MB: Google is obviously gathering a lot of data from many sources. What are some of the strangest things you’ve seen?
ST: I don’t know if it’s strange, but for instance, sumo wrestling. If we just had a Western-centric product, we wouldn’t put so much interest into sumo wrestlers. But we do, because we are in Japan. There’s no cricket in America, but in South Africa, and growing up in India, you know about cricket. So we cannot serve even the English-speaking world without things like that.
Then there is the non-English-speaking world, which you have to not just localise, but also internationalise. You have right to left languages for Arabic, correct translations of people names. In the US, ‘spouse’ has a specific meaning — husband or wife. But in some languages, you have to explicitly call out ‘husband’ and ‘wife’.
In terms of availability in the world, [Knowledge Graph] is available wherever Google serves, not necessarily all languages. We have launched in English, French, Italian, Spanish, Portuguese, German and Russian, and we keep adding more.
MB: Google products are all incredibly integrated. How is Graph integrating with Google Now?
ST: It’s still early days, and nothing I’m going to say will be a complete exposition of the space. But if you go back to that personal assistant business, a personal assistant knows about everything in the world, but it also knows about your next flight, that memo from your boss. All of that becomes a useful application for you when you are in the line and you want to see the barcode for the boarding pass. That’s really the kind of thing a personal assistant makes really useful for you. That’s part of Google Now.
MB: How would Glass and Knowledge Graph work together?
ST: Now is a query-less interface — it brings it up without you asking. It knows your calendar, it knows your destination, it knows the map, it knows the routes. That fits in totally with Glass.
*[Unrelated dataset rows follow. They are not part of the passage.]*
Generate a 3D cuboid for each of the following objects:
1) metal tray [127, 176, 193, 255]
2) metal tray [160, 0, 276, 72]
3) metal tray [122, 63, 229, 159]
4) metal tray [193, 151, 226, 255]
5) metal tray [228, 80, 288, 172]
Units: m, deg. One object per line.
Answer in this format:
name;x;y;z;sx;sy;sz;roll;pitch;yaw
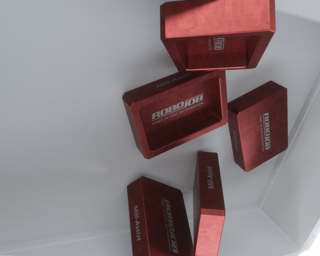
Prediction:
metal tray;0.002;0.139;0.429;0.030;0.130;0.090;-37;134;29
metal tray;0.056;-0.086;0.306;0.090;0.130;0.030;-1;88;10
metal tray;0.025;-0.024;0.405;0.131;0.030;0.089;-23;127;-15
metal tray;0.067;0.105;0.446;0.030;0.130;0.089;4;121;3
metal tray;0.158;0.000;0.495;0.091;0.030;0.129;-28;128;-11
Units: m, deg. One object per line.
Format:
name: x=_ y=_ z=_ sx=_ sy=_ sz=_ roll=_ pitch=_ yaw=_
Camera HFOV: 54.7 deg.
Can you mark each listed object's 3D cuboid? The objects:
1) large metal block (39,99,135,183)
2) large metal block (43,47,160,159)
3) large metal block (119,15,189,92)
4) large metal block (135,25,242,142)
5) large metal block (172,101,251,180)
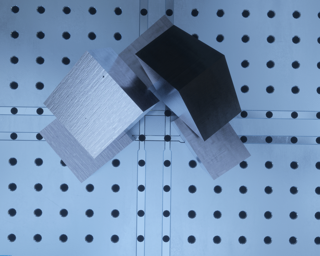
large metal block: x=-0.090 y=0.011 z=0.399 sx=0.080 sy=0.050 sz=0.080 roll=-39 pitch=91 yaw=0
large metal block: x=-0.062 y=-0.028 z=0.334 sx=0.080 sy=0.050 sz=0.080 roll=-42 pitch=91 yaw=25
large metal block: x=-0.009 y=-0.082 z=0.384 sx=0.080 sy=0.080 sz=0.050 roll=-41 pitch=91 yaw=0
large metal block: x=0.030 y=-0.046 z=0.315 sx=0.050 sy=0.080 sz=0.080 roll=-39 pitch=48 yaw=-5
large metal block: x=0.058 y=0.011 z=0.385 sx=0.050 sy=0.080 sz=0.080 roll=-34 pitch=90 yaw=0

Same thing with questions. In a traditional search interface, you want to know the books by Charles Dickens. You might have read the Wikipedia or the Amazon page. But certainly that’s not the right thing in a Glass interface. Showing a list of the popular books and having Glass use your pupils to move the screen, and tell you more about Oliver Twist. The same conversation, with a different interface.
MB: What is the next phase for Knowledge Graph?
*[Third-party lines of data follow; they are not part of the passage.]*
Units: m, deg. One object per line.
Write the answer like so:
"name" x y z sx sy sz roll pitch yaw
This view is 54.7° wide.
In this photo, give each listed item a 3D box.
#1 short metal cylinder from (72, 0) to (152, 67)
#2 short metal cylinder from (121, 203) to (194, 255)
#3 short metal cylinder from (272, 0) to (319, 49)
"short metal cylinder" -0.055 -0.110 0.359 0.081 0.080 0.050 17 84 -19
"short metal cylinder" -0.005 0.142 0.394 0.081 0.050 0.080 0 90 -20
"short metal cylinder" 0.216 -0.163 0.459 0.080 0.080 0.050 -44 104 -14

ST: A continuously improving repository of world knowledge, more topics, more types, more connections, more languages, more regions. That’s one core thing. That’s the underpinning for all of this. Everything that we build keeps surfacing it — [in addition to] answers like Charles Dickens books, now you’ll have books from some extremely rare author. A regionally famous author in Vietnam — we want to show you the books for that. The depth and the reach of the Knowledge Graph across regions, across topics, across people. That’s one big thing.
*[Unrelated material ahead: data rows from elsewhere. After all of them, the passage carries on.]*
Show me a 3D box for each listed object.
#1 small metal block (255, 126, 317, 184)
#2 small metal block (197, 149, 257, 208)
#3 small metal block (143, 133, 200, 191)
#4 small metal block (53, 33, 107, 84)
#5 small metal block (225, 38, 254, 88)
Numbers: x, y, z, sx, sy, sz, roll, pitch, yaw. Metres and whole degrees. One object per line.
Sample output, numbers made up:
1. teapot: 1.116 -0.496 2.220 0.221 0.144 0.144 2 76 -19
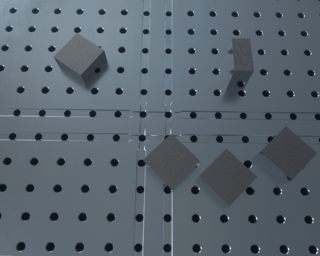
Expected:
1. small metal block: 0.162 0.035 0.401 0.050 0.025 0.050 -41 75 -14
2. small metal block: 0.083 0.063 0.390 0.050 0.025 0.050 -42 76 -14
3. small metal block: 0.014 0.044 0.396 0.050 0.025 0.050 -42 76 -14
4. small metal block: -0.114 -0.101 0.447 0.050 0.025 0.050 34 73 11
5. small metal block: 0.109 -0.089 0.432 0.025 0.050 0.050 0 70 0

The Charles Dickens books [example] illustrates another point — exploration. It’s not only about showing an answer, and now you’re done. Now you go away. Exploration is ‘Here’s a summary, now tell me more about Oliver Twist’. It’s not a one-shot conversation. Me giving you a list of ten books is not the end of our conversation, you want to know more about some of these things. Enabling these deeper conversations — that’s the other big thing. It ties into this bigger world of conversational and voice-directed interfaces.